The first part of the handler fetches the Item ID that is supplied in the ?id= part of the query string. That ID then allows me to first lookup the item in the CacheableItem cache that I created in Step 1.

let id = request
    .query_string_parameters_ref()
    .and_then(|params| params.first("id"))
    .unwrap();

let mut body = json!("").to_string();
let mut status_code = StatusCode::OK;
let u = Uuid::from_str(id).unwrap();

Query the Cache

With an Item ID, I can then peek at my cache via the CacheClient. In my handler, I'm calling the function with the client, the cache name and the id that I picked up from the query string.

let cache_item = query_cache(cache_client, cache_name.to_owned(), id.to_string()).await;

What's to note here is that the Momento CacheClient abstracts the working with the cache itself. I could easily be fetching from a HashMap and looking for a key in a bag. The bulk of the below is just safe Rust code when working with a Result instead of unwrapping. I could have simplified even more with the ? Operator but the error just works as a MISS and not something that I want to return back to handler function that muddies it up.

Also pay attention to two parts of the function that'll show up in the Datadog bits toward the bottom.

The #[instrument] macro. This will create a span called Query Cache which will be the function span.
The Momento SDK allows me to instrument the query to the cache via the instrument method where I pass in the query_span. This gives me the ability to isolate just the Momento code when looking at performance and success.

#[instrument(name = "Query Cache")]
async fn query_cache(
    client: &CacheClient,
    cache_name: String,
    id: String,
) -> Option<CacheableItem> {
    let query_span = tracing::info_span!("Momento GET");
    let response = client.get(cache_name, id).instrument(query_span).await;

    match response {
        Ok(r) => {
            let item: Result<String, MomentoError> = r.try_into();

            match item {
                Ok(i) => {
                    let o: CacheableItem = serde_json::from_str(i.as_str()).unwrap();
                    tracing::info!("(CacheItem)={:?}", o);
                    Some(o)
                }
                Err(e) => {
                    tracing::info!("(Cache MISS)={}", e);
                    None
                }
            }
        }
        Err(e) => {
            tracing::error!("(GetResponseError)={}", e);
            None
        }
    }
}

Cache HIT or Miss

In the even of a HIT or MISS from the cache, one of two paths will be taken.
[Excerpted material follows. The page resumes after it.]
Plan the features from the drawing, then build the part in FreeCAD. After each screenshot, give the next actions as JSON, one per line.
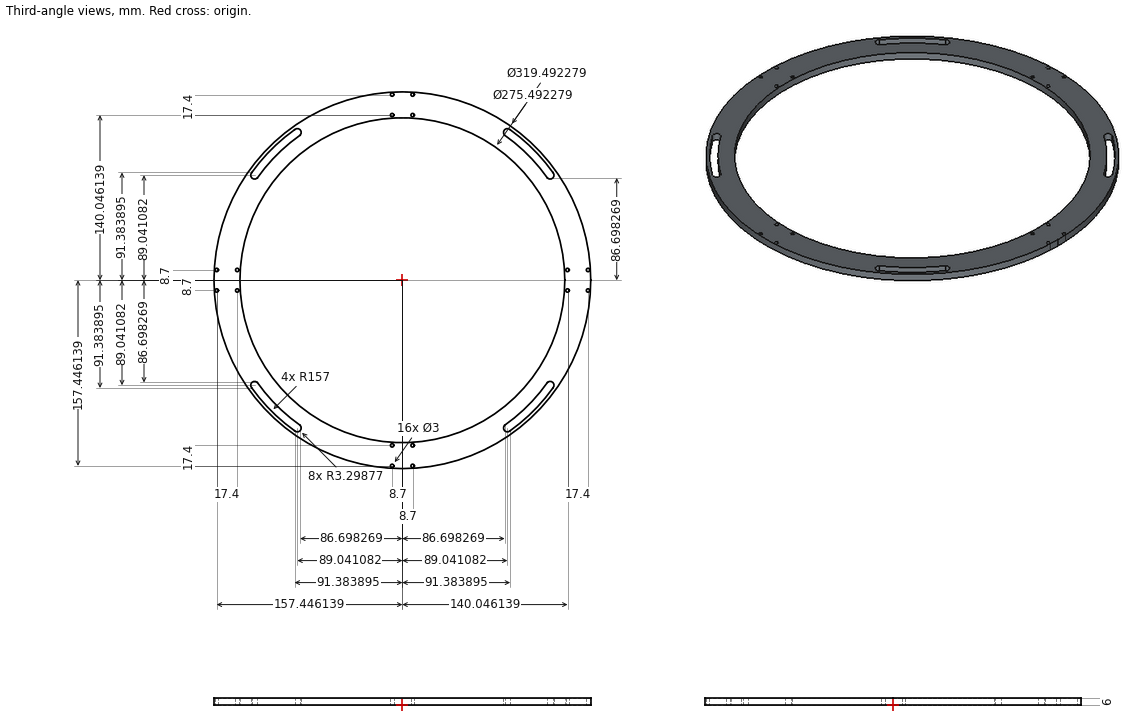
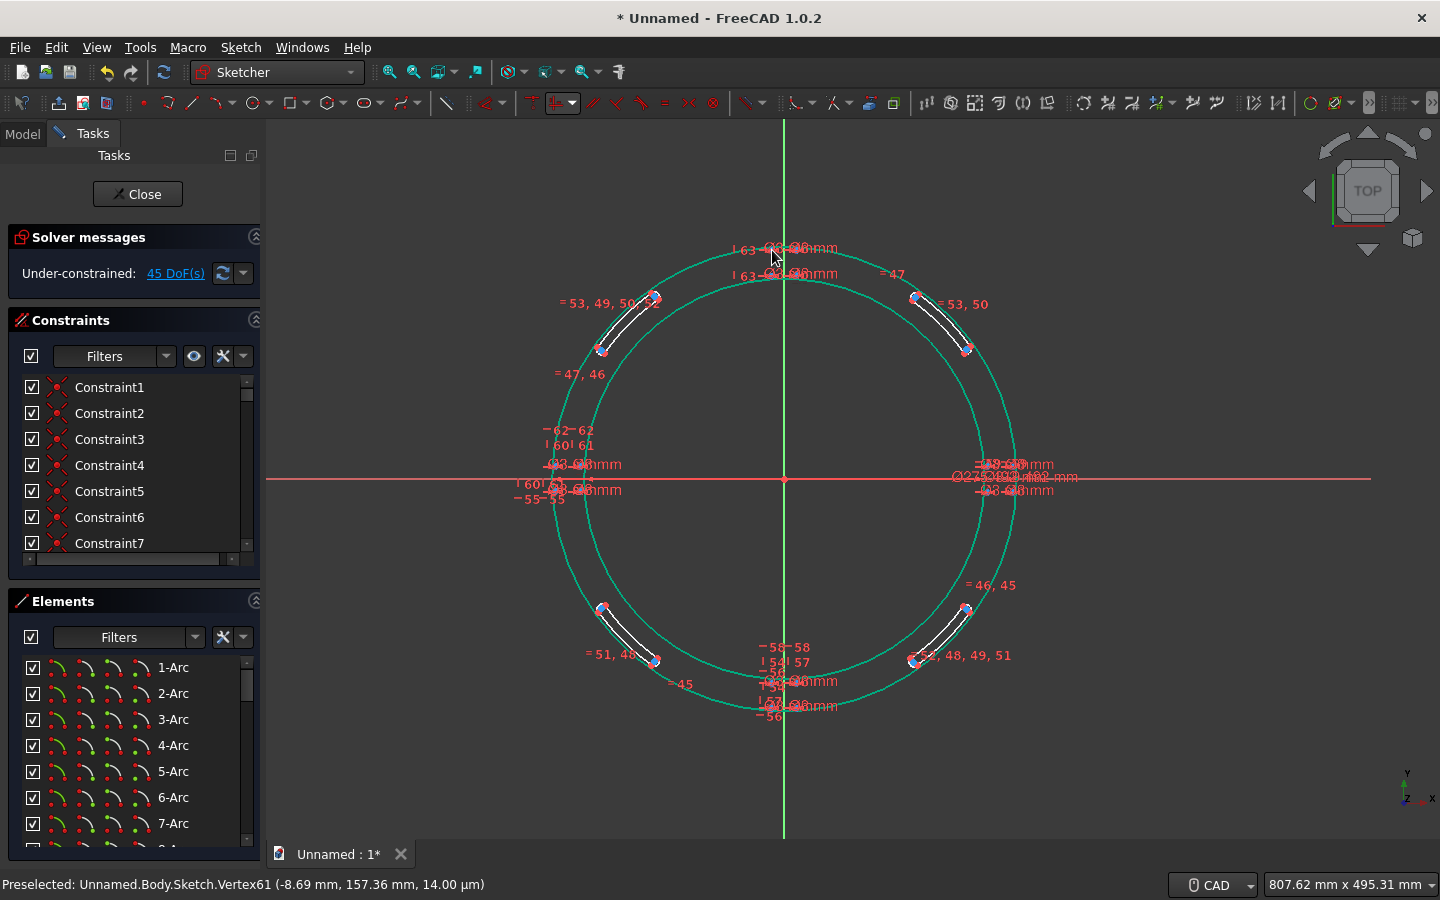
{"action": "left_click", "coordinate": [988, 492]}
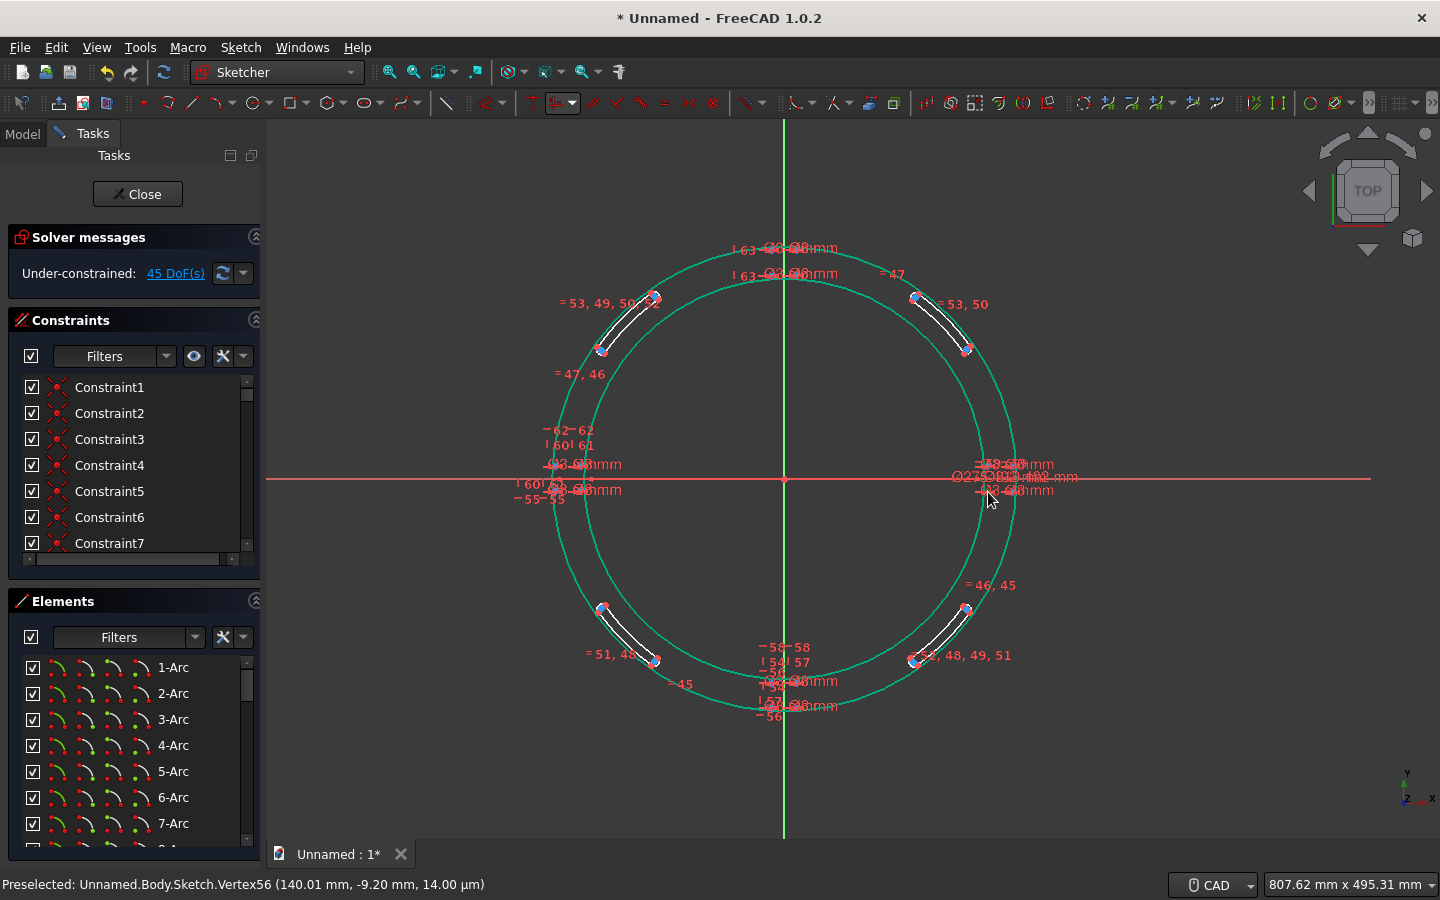
{"action": "left_click", "coordinate": [988, 467]}
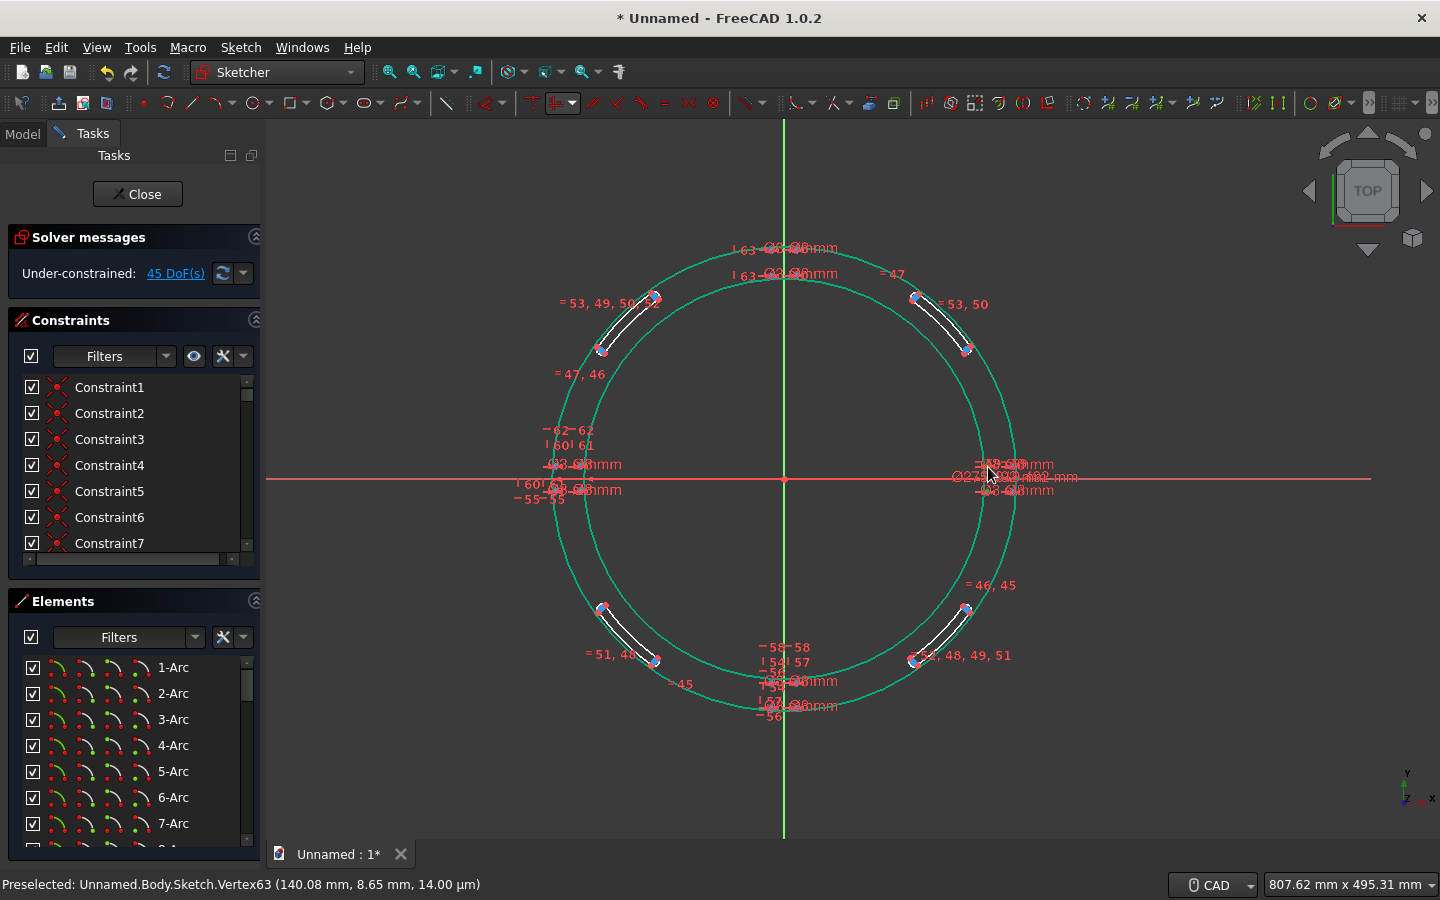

A HIT will return the object back and that's the end of the request
A MISS will look for the item in the database and then write the item into the cache

match cache_item {
    Some(i) => {
        tracing::info!("Cache HIT!");
        body = serde_json::to_string(&i).unwrap();
    }
    None => {
        tracing::info!("Cache MISS!");
        let item = query_row(pool, u).await;
        match item {
            Some(i) => {
                write_to_cache(cache_client, cache_name.to_owned(), i.clone()).await;
                body = serde_json::to_string(&i).unwrap();
            }
            None => {
                status_code = StatusCode::NOT_FOUND;
            }
        }
    }
}

Querying the table is a beautiful block of code to me. It shows how well AWS has hidden the DQL implementation because if you didn't know I was using DSQL, you'd think I was querying any normal Postgres database.
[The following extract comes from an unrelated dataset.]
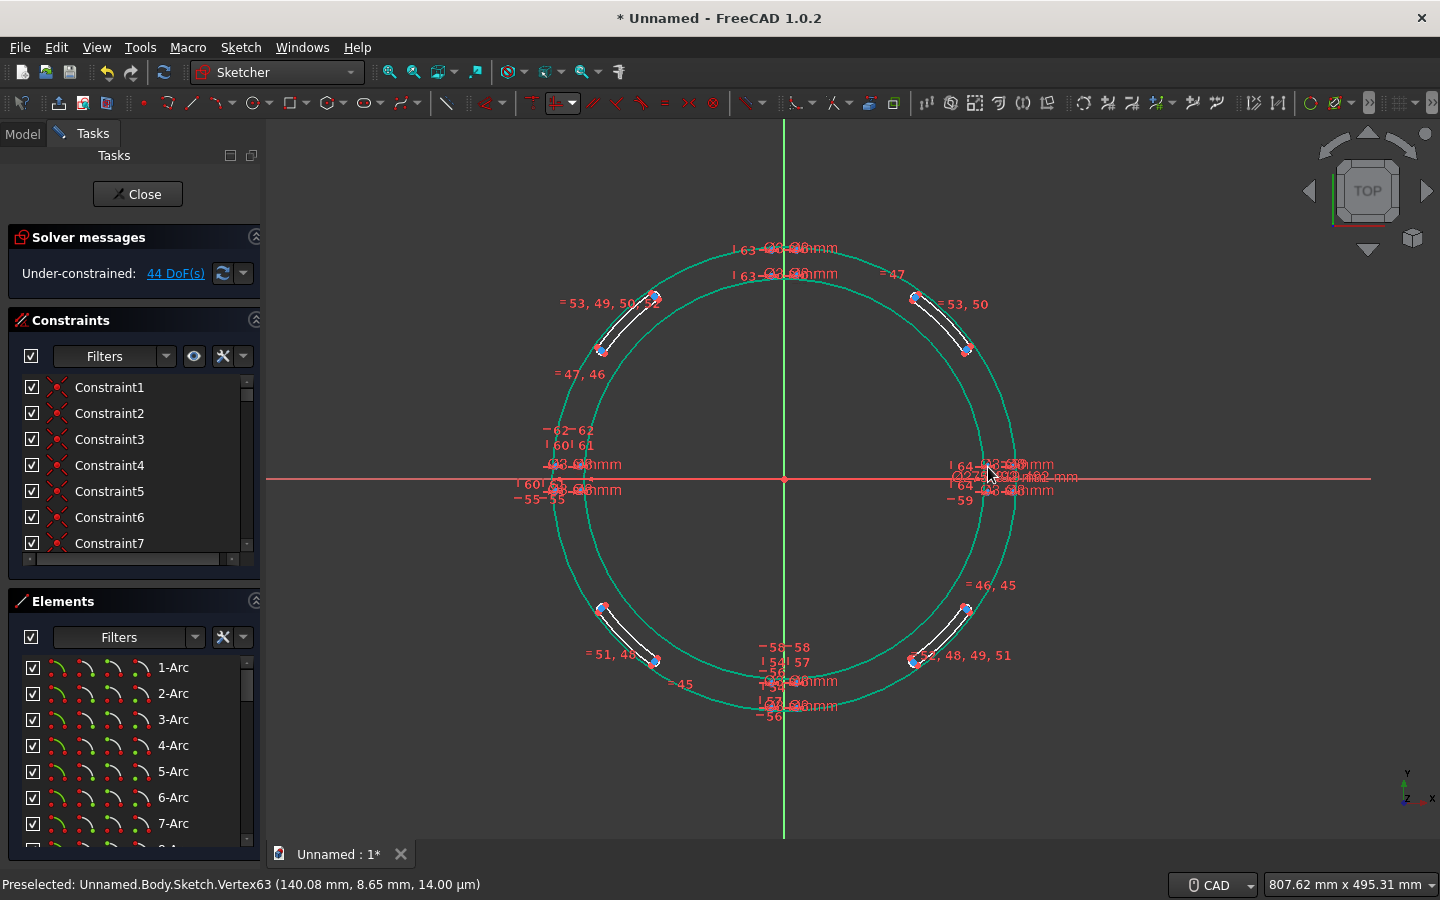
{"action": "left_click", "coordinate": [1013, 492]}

Note that this code as well has the instrument macro and the SQLx library allows me to instrument to the SELECT query as well to isolate its peformance.

#[instrument(name = "DSQL Query")]
async fn query_row(pool: &PgPool, u: Uuid) -> Option<CacheableItem> {
    let query_span = tracing::info_span!("DSQL Read");
    let item = query_as!(
        CacheableItem,
        "select id, first_name, last_name, created_at, updated_at from CacheableTable where id = $1",
        u
    )
    .fetch_optional(pool)
        .instrument(query_span)
    .await;

    item.unwrap_or_default()
}

And when the query returns a result, I'm going to write that item back into the cache for next time. Again, same thing on the instrumentation.
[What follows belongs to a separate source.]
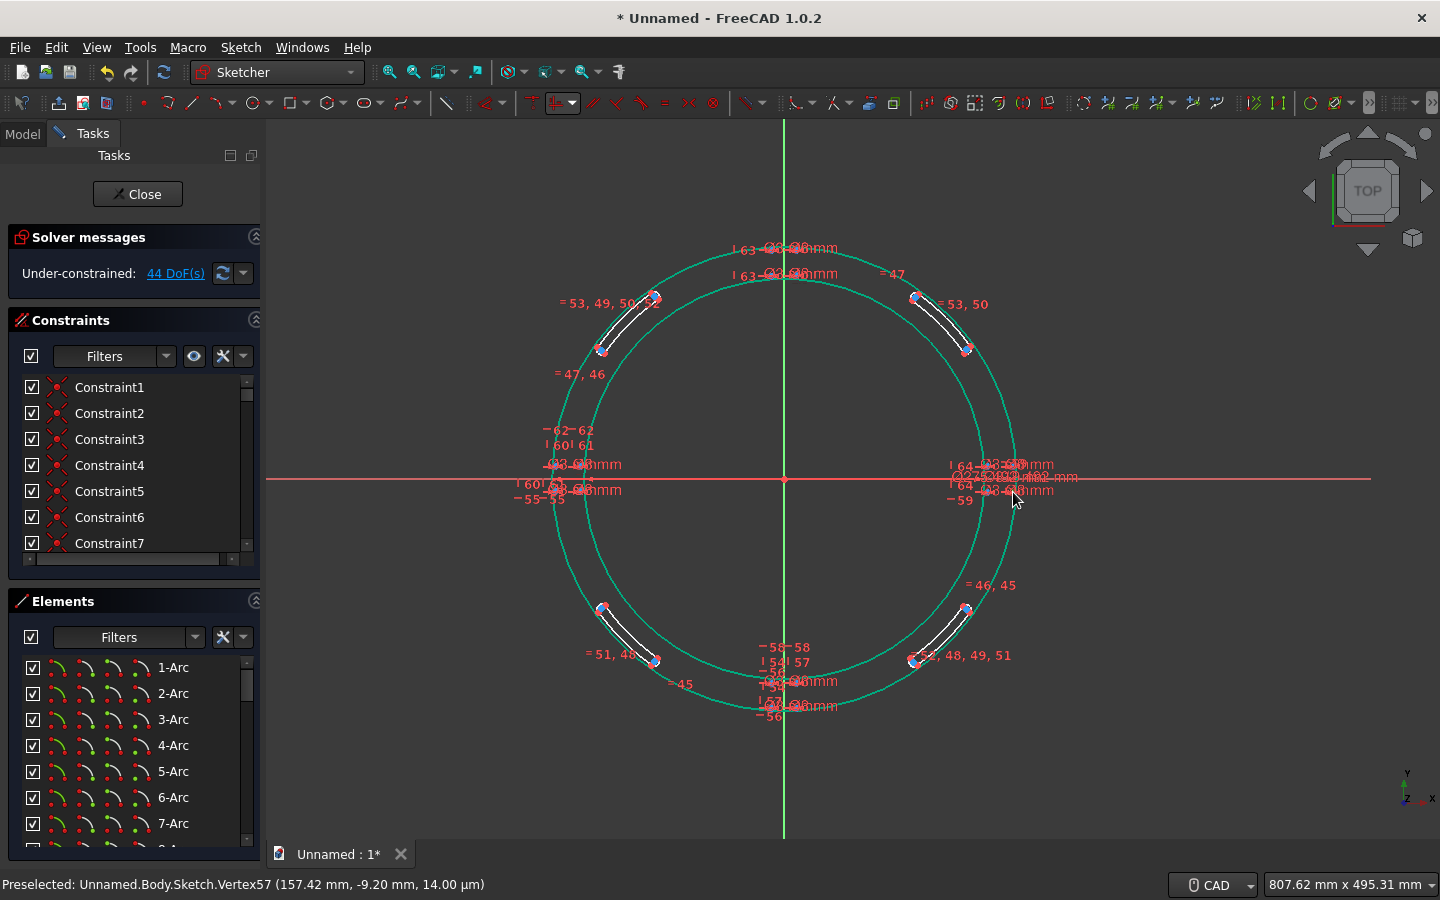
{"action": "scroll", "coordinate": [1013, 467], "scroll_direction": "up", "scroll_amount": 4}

#[instrument(name = "Write Cache")]
async fn write_to_cache(client: &CacheClient, cache_name: String, item: CacheableItem) {
    let query_span = tracing::info_span!("Momento SET");

    let value = serde_json::to_string(&item).unwrap();
    let result = client
        .set(cache_name, item.id.to_string(), value.clone())
        .instrument(query_span)
        .await;

    match result {
        Ok(_) => {
            tracing::info!("Cache item set");
            tracing::info!("(Item)={:?}", value);
        }
        Err(e) => {
            tracing::error!("(CacheWriteError)={}", e);
        }
    }
}

Quick Thoughts

Before digging into how this comes together and looking at performance, I wanted to touch upon how simple it was to implement this powerful pattern.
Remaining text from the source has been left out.